> _PROBLEM DESCRIPTION_
Set down a true copy of the data, with all pictures left out.

** AVAILABLE RECORDS follows **

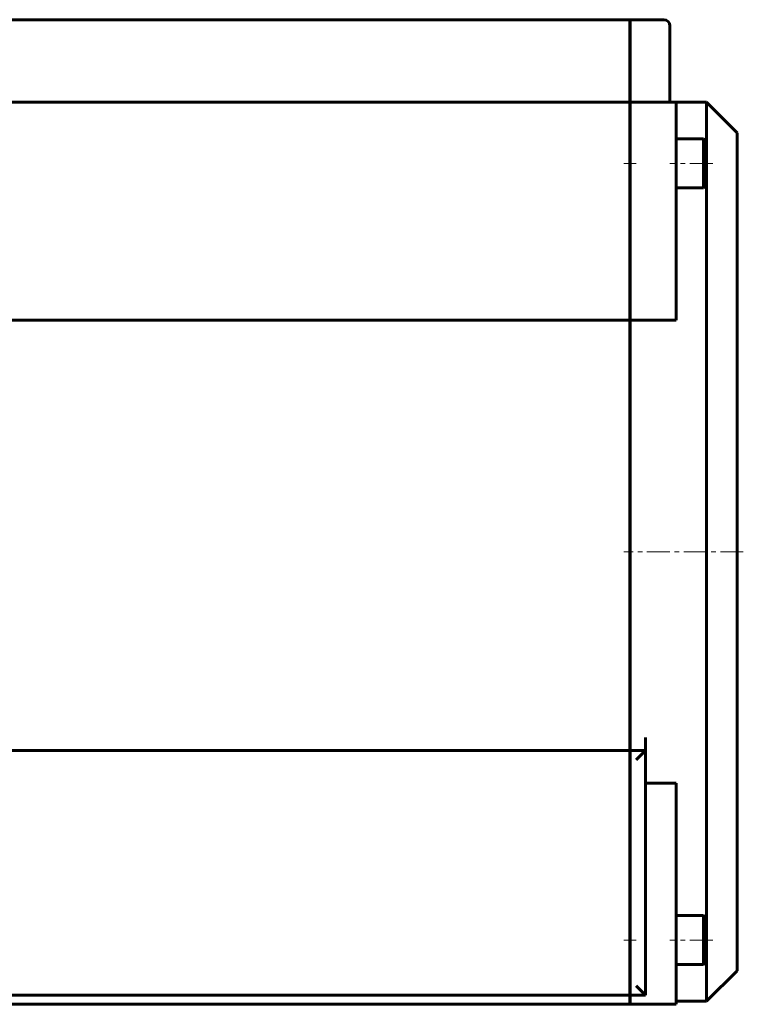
# Model space of a CAD drawing. Header units: millimetres. Extents: x -361 to 731, y -180 to 180.
# Tile 7 of 14: x 124 to 361, y -174 to 148. Entities that reach past the tile are written whole.
import ezdxf

# ---------------------------------------------------------------- set-up
doc = ezdxf.new("R2010")
doc.units = ezdxf.units.MM
doc.linetypes.add('K5LT_AXLED', pattern=[12, 7.5, -1.5, 1.5, -1.5])
doc.linetypes.add('K5LT_BASIC', pattern=[0])
doc.layers.add('Системный слой (1)', color=7, linetype='Continuous', true_color=0x6c6c6c)

# ---------------------------------------------------------------- blocks, each defined once
blk = doc.blocks.new('U11')
at = {"layer": 'Системный слой (1)', "color": 150, "linetype": 'K5LT_BASIC', "lineweight": 60, "true_color": 0x0080ff}
for p, q in [((349, 108), (349, 121)), ((349, -26), (349, 94)), ((349, -146), (349, -26)), ((349, -173), (349, -160))]:
    blk.add_line(p, q, dxfattribs=at)
blk = doc.blocks.new('U23')
at = {"layer": 'Системный слой (1)', "color": 150, "linetype": 'K5LT_BASIC', "lineweight": 60, "true_color": 0x0080ff}
for p, q in [((359, -26), (359, 111)), ((359, -163), (359, -26))]:
    blk.add_line(p, q, dxfattribs=at)

msp = doc.modelspace()

# ---------------------------------------------------------------- linework, layer by layer
at = {"layer": 'Системный слой (1)', "color": 150, "linetype": 'K5LT_BASIC', "lineweight": 60, "true_color": 0x0080ff}
for p, q in [((323.9, 148), (-323.9, 148)), ((323.9, 148), (323.9, 146)), ((323.9, 146), (323.9, 123)), ((335, 148), (324, 148)), ((324, 148), (324, 146)), ((324, 146), (324, 123)), ((337, 123), (337, 146)), ((323.9, 123), (323.9, 121)), ((324, 123), (324, 121)), ((337, 123), (337, 121)), ((323.9, 121), (-323.9, 121)), ((323.9, 121), (323.9, 119)), ((324, 121), (324, 119)), ((339, 121), (324, 121)), ((339, 121), (339, 119)), ((349, 121), (339, 121)), ((349, 121), (359, 111)), ((323.9, 119), (323.9, 49.72)), ((324, 119), (324, 49.72)), ((339, 49.72), (339, 119)), ((348, 109), (339, 109)), ((348, 109), (349, 108)), ((348, 93), (348, 109)), ((349, 94), (349, 108)), ((323.9, 106), (324, 106)), ((323.9, 96), (324, 96)), ((348, 93), (349, 94)), ((348, 93), (339, 93)), ((323.9, 69), (324, 69)), ((323.9, 49.72), (-323.9, 49.72)), ((323.9, -86.76), (323.9, 49.72)), ((324, -26), (324, 49.72)), ((339, 49.72), (324, 49.72)), ((324, -86.76), (324, -26)), ((323.9, -91), (323.9, -86.76)), ((324, -91), (324, -86.76)), ((329, -86.76), (329, -91)), ((323.9, -91), (-323.9, -91)), ((323.9, -91), (323.9, -94)), ((324, -91), (324, -94)), ((329, -91), (324, -91)), ((326, -94), (329, -91)), ((329, -171), (329, -91)), ((323.9, -94), (323.9, -168)), ((324, -94), (324, -168)), ((339, -101.72), (329, -101.72)), ((339, -172), (339, -101.72)), ((323.9, -121), (324, -121)), ((323.9, -148), (324, -148)), ((348, -145), (339, -145)), ((348, -145), (349, -146)), ((348, -161), (348, -145)), ((349, -160), (349, -146)), ((323.9, -158), (324, -158)), ((348, -161), (339, -161)), ((348, -161), (349, -160)), ((349, -173), (359, -163)), ((323.9, -168), (323.9, -171)), ((324, -168), (324, -171)), ((329, -171), (326, -168)), ((323.9, -171), (-323.9, -171)), ((323.9, -171), (323.9, -172)), ((323.9, -174), (323.9, -172)), ((324, -171), (324, -172)), ((329, -171), (324, -171)), ((324, -174), (324, -172)), ((339, -172), (339, -174)), ((349, -173), (339, -173)), ((-323.9, -174), (323.9, -174)), ((324, -174), (339, -174))]:
    msp.add_line(p, q, dxfattribs=at)
at = {"layer": 'Системный слой (1)', "color": 30, "linetype": 'K5LT_AXLED', "lineweight": 18, "true_color": 0xff8000}
for p, q in [((326, 101), (321.9, 101)), ((351, 101), (337, 101)), ((361, -26), (321.9, -26)), ((326, -153), (321.9, -153)), ((351, -153), (337, -153))]:
    msp.add_line(p, q, dxfattribs=at)
at = {"layer": 'Системный слой (1)', "color": 150, "linetype": 'K5LT_BASIC', "lineweight": 60, "true_color": 0x0080ff}
msp.add_arc((335, 146), 2, 0, 90, dxfattribs=at)

# ---------------------------------------------------------------- block references
at = {"layer": 'Системный слой (1)'}
for name in ['U11', 'U23']:
    msp.add_blockref(name, (0, 0), dxfattribs=at)

doc.saveas('drawing.dxf')

** End of AVAILABLE RECORDS **

> _EXPECTED ANSWER_
# Model space of a CAD drawing. Header units: millimetres. Extents: x -361 to 731, y -180 to 180.
# Tile 7 of 14: x 124 to 361, y -174 to 148. Entities that reach past the tile are written whole.
import ezdxf

# ---------------------------------------------------------------- set-up
doc = ezdxf.new("R2010")
doc.units = ezdxf.units.MM
doc.linetypes.add('K5LT_AXLED', pattern=[12, 7.5, -1.5, 1.5, -1.5])
doc.linetypes.add('K5LT_BASIC', pattern=[0])
doc.layers.add('Системный слой (1)', color=7, linetype='Continuous', true_color=0x6c6c6c)

# ---------------------------------------------------------------- blocks, each defined once
blk = doc.blocks.new('U11')
at = {"layer": 'Системный слой (1)', "color": 150, "linetype": 'K5LT_BASIC', "lineweight": 60, "true_color": 0x0080ff}
for p, q in [((349, 108), (349, 121)), ((349, -26), (349, 94)), ((349, -146), (349, -26)), ((349, -173), (349, -160))]:
    blk.add_line(p, q, dxfattribs=at)
blk = doc.blocks.new('U23')
at = {"layer": 'Системный слой (1)', "color": 150, "linetype": 'K5LT_BASIC', "lineweight": 60, "true_color": 0x0080ff}
for p, q in [((359, -26), (359, 111)), ((359, -163), (359, -26))]:
    blk.add_line(p, q, dxfattribs=at)

msp = doc.modelspace()

# ---------------------------------------------------------------- linework, layer by layer
at = {"layer": 'Системный слой (1)', "color": 150, "linetype": 'K5LT_BASIC', "lineweight": 60, "true_color": 0x0080ff}
for p, q in [((323.9, 148), (-323.9, 148)), ((323.9, 148), (323.9, 146)), ((323.9, 146), (323.9, 123)), ((335, 148), (324, 148)), ((324, 148), (324, 146)), ((324, 146), (324, 123)), ((337, 123), (337, 146)), ((323.9, 123), (323.9, 121)), ((324, 123), (324, 121)), ((337, 123), (337, 121)), ((323.9, 121), (-323.9, 121)), ((323.9, 121), (323.9, 119)), ((324, 121), (324, 119)), ((339, 121), (324, 121)), ((339, 121), (339, 119)), ((349, 121), (339, 121)), ((349, 121), (359, 111)), ((323.9, 119), (323.9, 49.72)), ((324, 119), (324, 49.72)), ((339, 49.72), (339, 119)), ((348, 109), (339, 109)), ((348, 109), (349, 108)), ((348, 93), (348, 109)), ((349, 94), (349, 108)), ((323.9, 106), (324, 106)), ((323.9, 96), (324, 96)), ((348, 93), (349, 94)), ((348, 93), (339, 93)), ((323.9, 69), (324, 69)), ((323.9, 49.72), (-323.9, 49.72)), ((323.9, -86.76), (323.9, 49.72)), ((324, -26), (324, 49.72)), ((339, 49.72), (324, 49.72)), ((324, -86.76), (324, -26)), ((323.9, -91), (323.9, -86.76)), ((324, -91), (324, -86.76)), ((329, -86.76), (329, -91)), ((323.9, -91), (-323.9, -91)), ((323.9, -91), (323.9, -94)), ((324, -91), (324, -94)), ((329, -91), (324, -91)), ((326, -94), (329, -91)), ((329, -171), (329, -91)), ((323.9, -94), (323.9, -168)), ((324, -94), (324, -168)), ((339, -101.72), (329, -101.72)), ((339, -172), (339, -101.72)), ((323.9, -121), (324, -121)), ((323.9, -148), (324, -148)), ((348, -145), (339, -145)), ((348, -145), (349, -146)), ((348, -161), (348, -145)), ((349, -160), (349, -146)), ((323.9, -158), (324, -158)), ((348, -161), (339, -161)), ((348, -161), (349, -160)), ((349, -173), (359, -163)), ((323.9, -168), (323.9, -171)), ((324, -168), (324, -171)), ((329, -171), (326, -168)), ((323.9, -171), (-323.9, -171)), ((323.9, -171), (323.9, -172)), ((323.9, -174), (323.9, -172)), ((324, -171), (324, -172)), ((329, -171), (324, -171)), ((324, -174), (324, -172)), ((339, -172), (339, -174)), ((349, -173), (339, -173)), ((-323.9, -174), (323.9, -174)), ((324, -174), (339, -174))]:
    msp.add_line(p, q, dxfattribs=at)
at = {"layer": 'Системный слой (1)', "color": 30, "linetype": 'K5LT_AXLED', "lineweight": 18, "true_color": 0xff8000}
for p, q in [((326, 101), (321.9, 101)), ((351, 101), (337, 101)), ((361, -26), (321.9, -26)), ((326, -153), (321.9, -153)), ((351, -153), (337, -153))]:
    msp.add_line(p, q, dxfattribs=at)
at = {"layer": 'Системный слой (1)', "color": 150, "linetype": 'K5LT_BASIC', "lineweight": 60, "true_color": 0x0080ff}
msp.add_arc((335, 146), 2, 0, 90, dxfattribs=at)

# ---------------------------------------------------------------- block references
at = {"layer": 'Системный слой (1)'}
for name in ['U11', 'U23']:
    msp.add_blockref(name, (0, 0), dxfattribs=at)

doc.saveas('drawing.dxf')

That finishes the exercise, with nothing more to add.